Can Small Businesses use Trending Discussions to Win at Social Media?

Pretty much every business in Halifax could have done something with colour options and tagged #TheDress to become part of the conversation. Makeup vendors could have shown two eye makeup options. Our many dress boutiques could have shown their own wares. Graphic designers had umpteen options available. Before you jump in consider this:

  • Could your participation in this discussion reflect negatively on your brand? Be sure you understand what the debate is about before jumping in.
  • Do you know the origins and intents behind that hashtag? Don’t pull a DiGiorno.

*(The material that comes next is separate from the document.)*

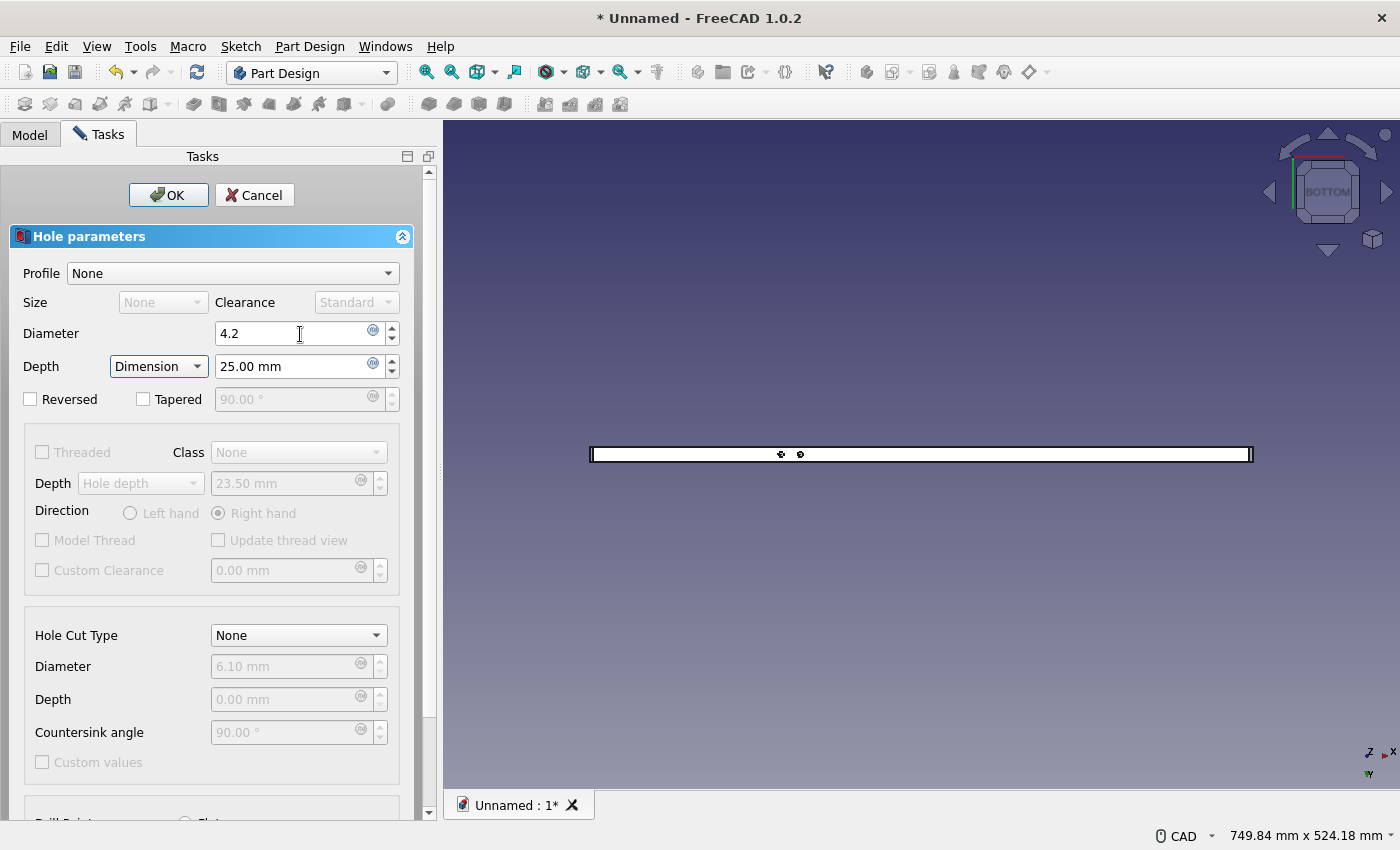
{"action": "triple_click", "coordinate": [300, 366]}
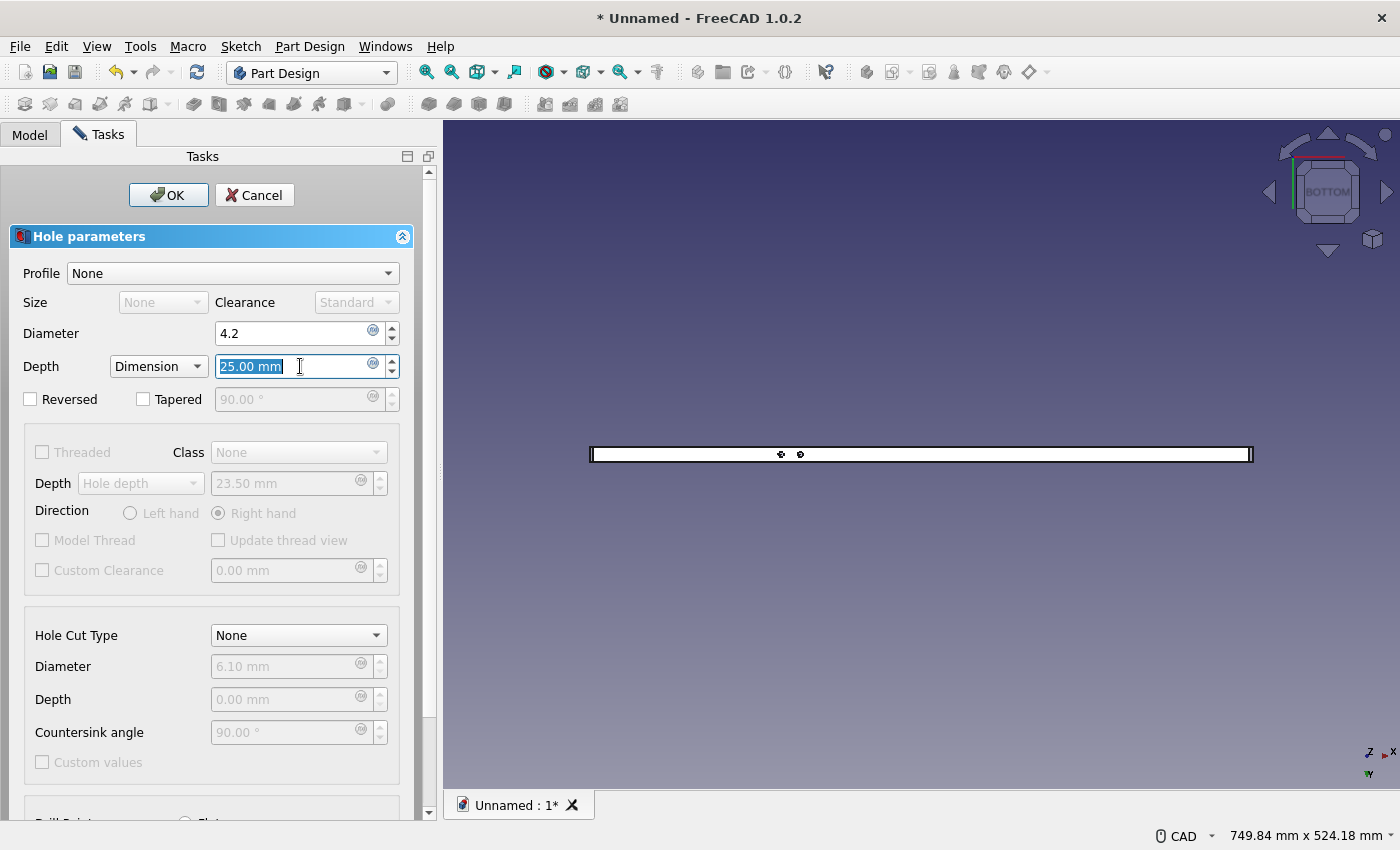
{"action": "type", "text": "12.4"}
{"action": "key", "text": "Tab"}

  • Can you make it relevant to your brand? Don’t just chime in hoping droves of people will suddenly start to follow you or buy your product. Put in a little effort and make your product/service fit the conversation.
  • Is it too late? CherryBerry was F-A-S-T. If they were to put that tweet out two weeks later, it wouldn’t have the same effect.
  • Is it too soon? Be very careful if you’re thinking of including references to any tragic event in your tweets/posts. It’s almost never appropriate and almost always garners negative attention.
  • Can you have fun with this? Do you have the ability/latitude to use a little humour? If you’re corporate brand is very stoic, jumping on the bandwagon might not be a good idea.